§ **RECORDED INFORMATION**:
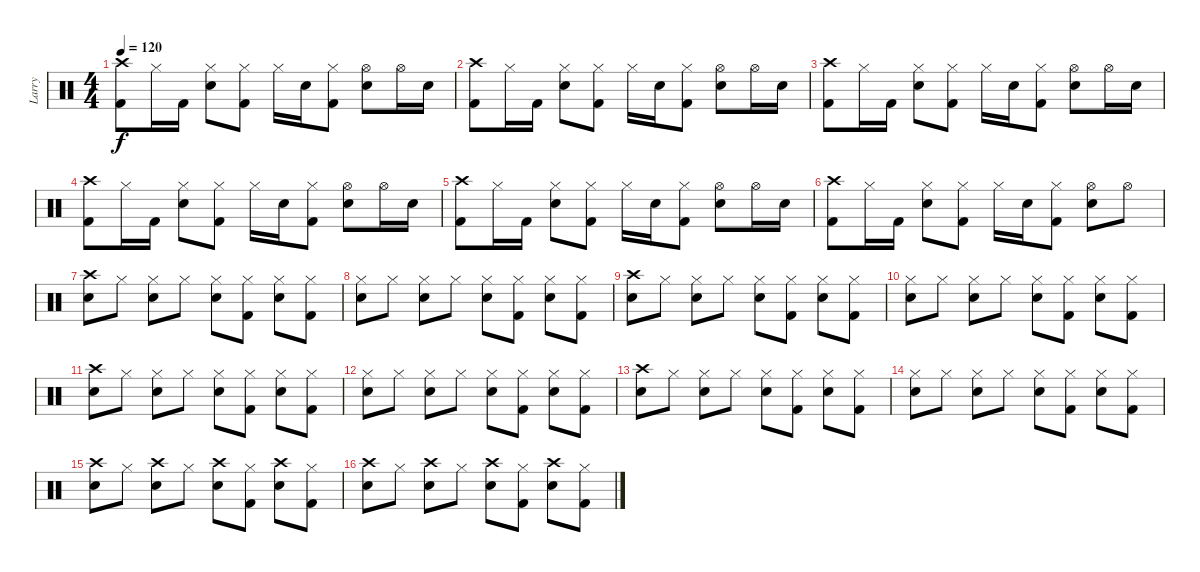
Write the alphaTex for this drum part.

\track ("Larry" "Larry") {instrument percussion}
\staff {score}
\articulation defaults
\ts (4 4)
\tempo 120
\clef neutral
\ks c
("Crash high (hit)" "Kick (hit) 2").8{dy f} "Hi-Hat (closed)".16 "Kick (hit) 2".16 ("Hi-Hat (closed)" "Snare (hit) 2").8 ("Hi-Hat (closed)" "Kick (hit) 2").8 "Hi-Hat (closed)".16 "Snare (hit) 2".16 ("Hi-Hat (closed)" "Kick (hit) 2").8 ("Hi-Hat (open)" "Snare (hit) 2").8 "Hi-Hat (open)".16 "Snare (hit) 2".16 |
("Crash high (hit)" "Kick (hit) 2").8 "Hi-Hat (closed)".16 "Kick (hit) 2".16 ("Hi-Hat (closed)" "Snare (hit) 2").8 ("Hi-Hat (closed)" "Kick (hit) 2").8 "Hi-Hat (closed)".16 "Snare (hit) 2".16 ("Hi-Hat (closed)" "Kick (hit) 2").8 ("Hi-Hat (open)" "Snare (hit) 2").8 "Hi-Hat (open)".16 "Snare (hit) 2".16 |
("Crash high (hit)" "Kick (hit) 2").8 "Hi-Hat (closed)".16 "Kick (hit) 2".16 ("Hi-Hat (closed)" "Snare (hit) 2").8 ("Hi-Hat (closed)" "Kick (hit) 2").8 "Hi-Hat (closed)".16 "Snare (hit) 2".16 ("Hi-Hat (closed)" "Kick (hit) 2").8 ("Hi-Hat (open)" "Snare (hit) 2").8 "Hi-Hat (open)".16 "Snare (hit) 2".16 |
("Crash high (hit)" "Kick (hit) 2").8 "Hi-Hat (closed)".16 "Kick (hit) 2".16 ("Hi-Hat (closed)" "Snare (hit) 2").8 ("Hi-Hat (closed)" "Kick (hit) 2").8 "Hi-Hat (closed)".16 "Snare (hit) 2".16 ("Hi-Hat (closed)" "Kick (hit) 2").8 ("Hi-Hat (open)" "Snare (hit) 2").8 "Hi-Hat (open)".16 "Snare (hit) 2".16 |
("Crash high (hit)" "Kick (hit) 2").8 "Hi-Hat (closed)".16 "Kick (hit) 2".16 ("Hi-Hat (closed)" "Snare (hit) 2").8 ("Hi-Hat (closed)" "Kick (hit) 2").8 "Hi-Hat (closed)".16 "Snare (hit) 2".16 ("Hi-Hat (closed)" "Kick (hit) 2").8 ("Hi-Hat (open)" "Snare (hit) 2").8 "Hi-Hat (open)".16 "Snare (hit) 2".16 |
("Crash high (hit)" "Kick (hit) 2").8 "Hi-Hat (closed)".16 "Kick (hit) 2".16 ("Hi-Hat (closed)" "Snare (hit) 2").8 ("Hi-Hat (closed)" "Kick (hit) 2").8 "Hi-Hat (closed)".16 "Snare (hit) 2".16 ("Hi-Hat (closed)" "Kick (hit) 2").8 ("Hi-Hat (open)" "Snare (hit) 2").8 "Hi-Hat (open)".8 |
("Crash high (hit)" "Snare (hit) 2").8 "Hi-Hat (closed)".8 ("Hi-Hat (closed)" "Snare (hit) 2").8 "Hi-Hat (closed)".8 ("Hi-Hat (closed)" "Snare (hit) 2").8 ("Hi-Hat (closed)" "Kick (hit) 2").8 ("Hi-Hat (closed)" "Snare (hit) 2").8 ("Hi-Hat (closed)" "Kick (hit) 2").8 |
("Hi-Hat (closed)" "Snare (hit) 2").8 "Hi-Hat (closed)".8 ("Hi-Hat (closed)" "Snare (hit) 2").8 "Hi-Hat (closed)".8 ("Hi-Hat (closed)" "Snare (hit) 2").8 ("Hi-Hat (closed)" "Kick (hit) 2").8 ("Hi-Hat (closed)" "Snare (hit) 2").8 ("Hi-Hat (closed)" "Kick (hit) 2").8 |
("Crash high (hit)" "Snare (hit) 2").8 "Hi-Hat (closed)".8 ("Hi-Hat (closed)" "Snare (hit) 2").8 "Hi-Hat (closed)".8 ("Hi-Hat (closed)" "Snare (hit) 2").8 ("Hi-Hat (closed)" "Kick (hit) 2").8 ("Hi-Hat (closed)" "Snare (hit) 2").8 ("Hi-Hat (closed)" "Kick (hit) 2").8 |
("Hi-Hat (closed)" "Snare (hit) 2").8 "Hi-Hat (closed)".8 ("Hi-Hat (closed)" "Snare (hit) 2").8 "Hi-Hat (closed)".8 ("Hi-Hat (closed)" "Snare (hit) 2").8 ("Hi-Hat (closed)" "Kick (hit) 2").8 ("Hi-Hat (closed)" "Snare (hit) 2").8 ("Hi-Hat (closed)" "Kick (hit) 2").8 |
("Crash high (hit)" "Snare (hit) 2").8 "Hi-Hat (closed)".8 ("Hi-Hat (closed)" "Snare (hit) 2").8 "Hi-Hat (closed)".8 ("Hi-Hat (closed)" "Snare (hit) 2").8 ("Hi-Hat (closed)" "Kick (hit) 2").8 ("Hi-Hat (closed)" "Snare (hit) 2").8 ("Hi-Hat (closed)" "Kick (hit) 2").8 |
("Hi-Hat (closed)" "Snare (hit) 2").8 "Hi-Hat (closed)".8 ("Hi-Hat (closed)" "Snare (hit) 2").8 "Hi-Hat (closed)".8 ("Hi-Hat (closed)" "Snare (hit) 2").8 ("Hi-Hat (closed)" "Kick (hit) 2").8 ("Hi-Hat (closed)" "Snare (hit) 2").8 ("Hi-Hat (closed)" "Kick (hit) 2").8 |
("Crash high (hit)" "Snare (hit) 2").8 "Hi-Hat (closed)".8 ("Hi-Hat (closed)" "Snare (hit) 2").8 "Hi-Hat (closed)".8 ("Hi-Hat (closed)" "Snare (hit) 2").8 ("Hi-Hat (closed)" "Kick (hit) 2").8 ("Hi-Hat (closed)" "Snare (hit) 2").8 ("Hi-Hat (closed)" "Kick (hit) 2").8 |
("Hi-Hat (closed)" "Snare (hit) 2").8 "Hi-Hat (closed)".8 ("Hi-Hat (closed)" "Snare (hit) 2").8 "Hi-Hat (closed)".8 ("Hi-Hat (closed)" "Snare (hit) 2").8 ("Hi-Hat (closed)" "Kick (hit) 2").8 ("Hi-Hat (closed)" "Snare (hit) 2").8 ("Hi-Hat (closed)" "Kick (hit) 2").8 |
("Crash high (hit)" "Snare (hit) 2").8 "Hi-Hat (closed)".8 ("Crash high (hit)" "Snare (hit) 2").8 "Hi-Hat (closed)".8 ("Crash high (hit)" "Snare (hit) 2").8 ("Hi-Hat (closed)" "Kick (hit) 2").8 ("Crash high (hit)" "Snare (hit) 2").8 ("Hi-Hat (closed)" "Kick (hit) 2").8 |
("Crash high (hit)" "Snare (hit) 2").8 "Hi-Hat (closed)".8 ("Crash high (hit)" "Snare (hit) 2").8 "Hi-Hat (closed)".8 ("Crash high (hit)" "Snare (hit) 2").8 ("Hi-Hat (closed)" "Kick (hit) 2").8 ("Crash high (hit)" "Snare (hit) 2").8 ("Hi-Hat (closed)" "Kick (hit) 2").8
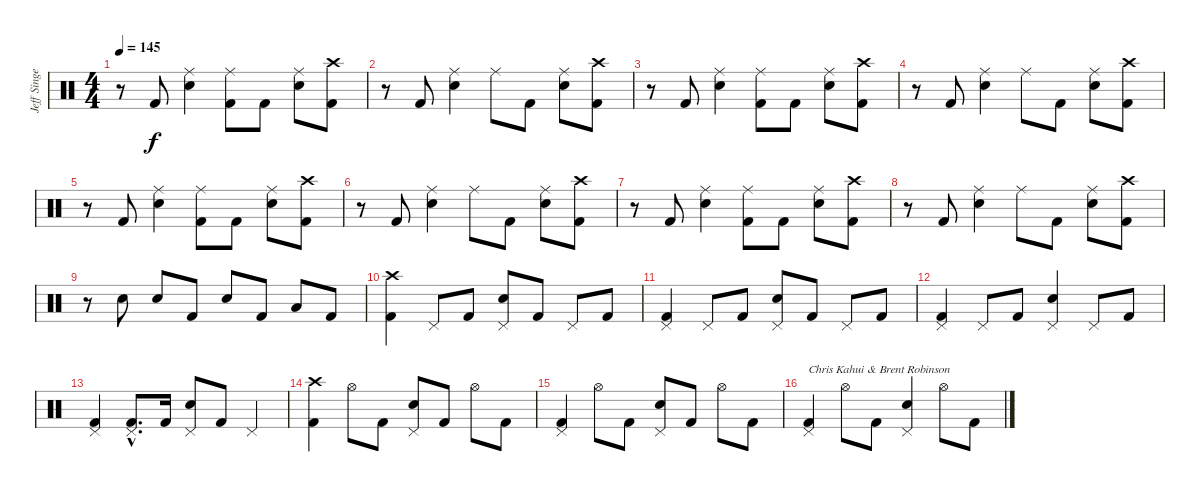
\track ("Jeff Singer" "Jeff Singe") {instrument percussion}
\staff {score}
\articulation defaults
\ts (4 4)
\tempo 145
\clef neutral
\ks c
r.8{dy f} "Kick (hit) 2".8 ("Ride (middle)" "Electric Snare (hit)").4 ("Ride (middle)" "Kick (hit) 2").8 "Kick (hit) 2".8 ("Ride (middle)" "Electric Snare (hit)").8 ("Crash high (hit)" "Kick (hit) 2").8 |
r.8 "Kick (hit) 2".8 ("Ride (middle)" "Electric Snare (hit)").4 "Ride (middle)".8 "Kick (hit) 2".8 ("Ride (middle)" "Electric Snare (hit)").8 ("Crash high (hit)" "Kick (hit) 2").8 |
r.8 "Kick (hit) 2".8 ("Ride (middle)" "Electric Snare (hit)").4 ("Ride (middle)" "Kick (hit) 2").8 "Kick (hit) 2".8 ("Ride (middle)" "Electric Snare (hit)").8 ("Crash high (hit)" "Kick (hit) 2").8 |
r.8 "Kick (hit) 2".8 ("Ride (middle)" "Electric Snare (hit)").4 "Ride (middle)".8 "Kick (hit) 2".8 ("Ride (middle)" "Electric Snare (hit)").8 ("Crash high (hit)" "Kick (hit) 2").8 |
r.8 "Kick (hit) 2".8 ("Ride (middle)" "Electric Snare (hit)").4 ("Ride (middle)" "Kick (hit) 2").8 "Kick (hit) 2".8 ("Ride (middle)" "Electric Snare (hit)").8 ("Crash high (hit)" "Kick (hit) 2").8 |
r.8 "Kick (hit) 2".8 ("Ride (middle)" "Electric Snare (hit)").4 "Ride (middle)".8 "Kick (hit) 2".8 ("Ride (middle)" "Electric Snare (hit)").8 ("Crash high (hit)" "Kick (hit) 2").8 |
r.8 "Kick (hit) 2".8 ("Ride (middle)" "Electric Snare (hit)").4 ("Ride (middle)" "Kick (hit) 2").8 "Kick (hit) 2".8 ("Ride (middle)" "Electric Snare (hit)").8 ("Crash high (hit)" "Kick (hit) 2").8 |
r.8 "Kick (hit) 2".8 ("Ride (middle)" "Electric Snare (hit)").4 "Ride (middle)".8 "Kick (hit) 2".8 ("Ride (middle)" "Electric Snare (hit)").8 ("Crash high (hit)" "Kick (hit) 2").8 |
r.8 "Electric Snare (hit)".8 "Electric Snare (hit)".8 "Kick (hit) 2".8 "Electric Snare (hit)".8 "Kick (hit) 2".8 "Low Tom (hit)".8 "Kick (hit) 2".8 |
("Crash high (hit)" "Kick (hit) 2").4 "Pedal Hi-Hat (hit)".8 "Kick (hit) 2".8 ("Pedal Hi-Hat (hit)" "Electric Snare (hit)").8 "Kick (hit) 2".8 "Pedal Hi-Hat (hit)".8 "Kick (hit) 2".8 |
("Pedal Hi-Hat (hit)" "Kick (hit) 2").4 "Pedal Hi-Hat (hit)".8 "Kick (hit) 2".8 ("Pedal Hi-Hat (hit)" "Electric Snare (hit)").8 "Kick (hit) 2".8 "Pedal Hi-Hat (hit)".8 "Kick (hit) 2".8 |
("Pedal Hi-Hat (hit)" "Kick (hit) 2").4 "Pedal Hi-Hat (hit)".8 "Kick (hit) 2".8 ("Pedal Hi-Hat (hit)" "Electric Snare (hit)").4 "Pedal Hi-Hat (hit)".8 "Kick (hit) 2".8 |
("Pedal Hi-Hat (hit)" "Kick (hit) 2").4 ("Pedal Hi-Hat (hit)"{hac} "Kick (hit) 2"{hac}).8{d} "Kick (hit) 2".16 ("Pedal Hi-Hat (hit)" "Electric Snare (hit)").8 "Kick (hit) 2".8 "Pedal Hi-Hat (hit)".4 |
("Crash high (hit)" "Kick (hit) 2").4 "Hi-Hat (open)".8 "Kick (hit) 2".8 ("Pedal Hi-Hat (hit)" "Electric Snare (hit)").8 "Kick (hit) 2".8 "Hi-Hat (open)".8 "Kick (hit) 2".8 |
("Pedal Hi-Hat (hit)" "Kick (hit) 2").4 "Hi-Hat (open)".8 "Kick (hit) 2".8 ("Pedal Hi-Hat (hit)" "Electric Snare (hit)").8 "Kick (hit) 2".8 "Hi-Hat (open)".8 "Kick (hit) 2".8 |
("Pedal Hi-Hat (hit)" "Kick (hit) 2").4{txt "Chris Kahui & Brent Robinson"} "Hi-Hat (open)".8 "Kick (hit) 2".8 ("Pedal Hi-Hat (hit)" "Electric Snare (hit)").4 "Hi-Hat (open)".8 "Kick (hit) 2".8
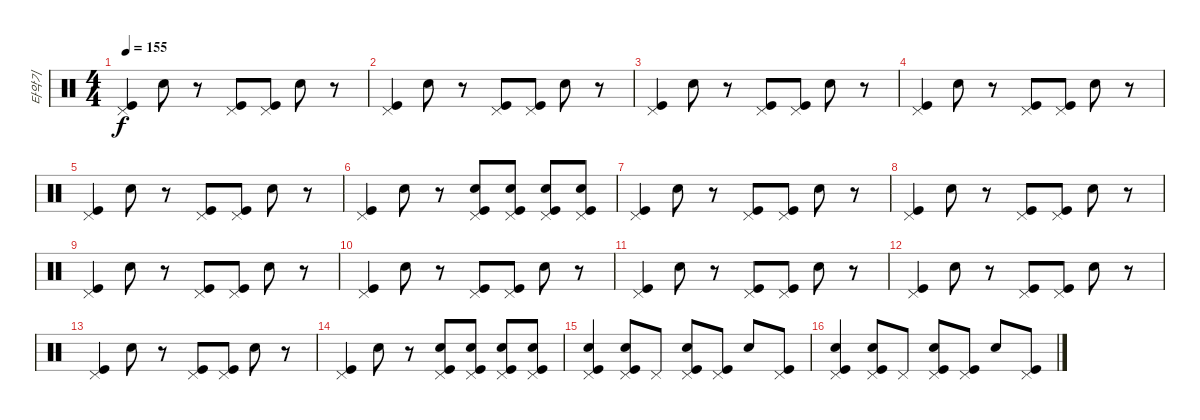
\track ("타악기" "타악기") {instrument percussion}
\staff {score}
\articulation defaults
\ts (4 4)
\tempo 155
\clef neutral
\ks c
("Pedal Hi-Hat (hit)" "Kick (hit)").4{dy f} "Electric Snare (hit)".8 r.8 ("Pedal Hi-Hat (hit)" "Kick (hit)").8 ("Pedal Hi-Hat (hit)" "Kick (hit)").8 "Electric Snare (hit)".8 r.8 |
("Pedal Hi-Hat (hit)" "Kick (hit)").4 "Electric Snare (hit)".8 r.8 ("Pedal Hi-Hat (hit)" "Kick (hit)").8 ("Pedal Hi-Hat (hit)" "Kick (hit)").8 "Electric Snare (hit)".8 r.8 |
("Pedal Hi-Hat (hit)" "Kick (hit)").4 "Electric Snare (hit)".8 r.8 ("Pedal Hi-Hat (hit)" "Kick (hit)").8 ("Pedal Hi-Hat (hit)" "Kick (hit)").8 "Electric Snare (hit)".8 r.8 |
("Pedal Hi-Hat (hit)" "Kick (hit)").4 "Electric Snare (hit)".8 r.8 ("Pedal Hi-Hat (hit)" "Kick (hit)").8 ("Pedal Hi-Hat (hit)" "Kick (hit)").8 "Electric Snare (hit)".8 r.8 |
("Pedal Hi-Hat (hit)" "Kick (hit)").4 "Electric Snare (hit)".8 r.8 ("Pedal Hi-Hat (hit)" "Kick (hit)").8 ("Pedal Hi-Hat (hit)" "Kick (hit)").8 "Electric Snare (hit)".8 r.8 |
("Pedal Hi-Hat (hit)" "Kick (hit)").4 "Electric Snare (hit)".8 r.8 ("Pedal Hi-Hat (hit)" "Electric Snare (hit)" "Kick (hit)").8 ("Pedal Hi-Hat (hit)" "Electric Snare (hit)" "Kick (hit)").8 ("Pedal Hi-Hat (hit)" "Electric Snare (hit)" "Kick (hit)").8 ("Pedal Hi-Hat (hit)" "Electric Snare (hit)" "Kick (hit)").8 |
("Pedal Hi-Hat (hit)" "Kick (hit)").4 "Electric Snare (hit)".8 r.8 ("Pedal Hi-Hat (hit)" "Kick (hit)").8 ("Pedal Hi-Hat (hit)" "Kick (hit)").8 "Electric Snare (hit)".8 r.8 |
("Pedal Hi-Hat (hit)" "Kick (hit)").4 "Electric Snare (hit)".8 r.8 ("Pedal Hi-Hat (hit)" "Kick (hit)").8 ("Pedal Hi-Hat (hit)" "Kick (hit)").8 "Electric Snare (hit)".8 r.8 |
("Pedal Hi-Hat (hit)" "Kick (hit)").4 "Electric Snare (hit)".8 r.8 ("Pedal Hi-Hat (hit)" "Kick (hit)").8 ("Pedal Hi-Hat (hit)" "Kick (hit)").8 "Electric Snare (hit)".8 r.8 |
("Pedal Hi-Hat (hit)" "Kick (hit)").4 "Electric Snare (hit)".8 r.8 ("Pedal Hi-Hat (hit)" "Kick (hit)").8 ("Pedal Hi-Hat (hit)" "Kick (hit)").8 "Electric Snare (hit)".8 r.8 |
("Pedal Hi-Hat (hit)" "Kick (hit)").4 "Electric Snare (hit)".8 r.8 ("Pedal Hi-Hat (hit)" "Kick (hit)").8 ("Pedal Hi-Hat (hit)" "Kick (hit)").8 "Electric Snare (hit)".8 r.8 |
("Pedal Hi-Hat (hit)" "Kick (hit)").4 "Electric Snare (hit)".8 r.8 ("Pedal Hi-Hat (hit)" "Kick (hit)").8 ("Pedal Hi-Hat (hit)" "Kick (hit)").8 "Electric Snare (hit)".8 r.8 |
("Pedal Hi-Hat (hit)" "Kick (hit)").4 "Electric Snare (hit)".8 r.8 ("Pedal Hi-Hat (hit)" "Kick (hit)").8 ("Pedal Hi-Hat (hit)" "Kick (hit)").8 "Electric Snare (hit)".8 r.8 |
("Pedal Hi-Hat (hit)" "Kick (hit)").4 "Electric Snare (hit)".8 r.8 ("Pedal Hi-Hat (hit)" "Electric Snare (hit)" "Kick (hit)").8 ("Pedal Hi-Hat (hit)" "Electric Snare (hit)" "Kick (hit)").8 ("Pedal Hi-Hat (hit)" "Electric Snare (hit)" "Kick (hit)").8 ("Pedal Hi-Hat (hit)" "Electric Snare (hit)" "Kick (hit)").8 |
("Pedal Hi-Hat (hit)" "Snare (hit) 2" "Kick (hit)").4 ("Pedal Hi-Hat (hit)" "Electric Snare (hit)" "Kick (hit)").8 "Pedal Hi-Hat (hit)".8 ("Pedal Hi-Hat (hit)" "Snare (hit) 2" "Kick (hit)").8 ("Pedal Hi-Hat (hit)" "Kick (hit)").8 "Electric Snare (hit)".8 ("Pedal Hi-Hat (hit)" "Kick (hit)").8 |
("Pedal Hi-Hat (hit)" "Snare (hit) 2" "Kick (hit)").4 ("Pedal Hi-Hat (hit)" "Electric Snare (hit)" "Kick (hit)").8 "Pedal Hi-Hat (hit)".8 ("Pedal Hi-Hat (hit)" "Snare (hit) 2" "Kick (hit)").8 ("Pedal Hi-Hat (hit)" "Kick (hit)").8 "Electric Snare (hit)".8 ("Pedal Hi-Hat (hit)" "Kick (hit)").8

§ **THE TASK**: Would you please give the number of lines in the data above that contain the string "instrument"? Reply with that number only.

§ **TASK RESULT**: 3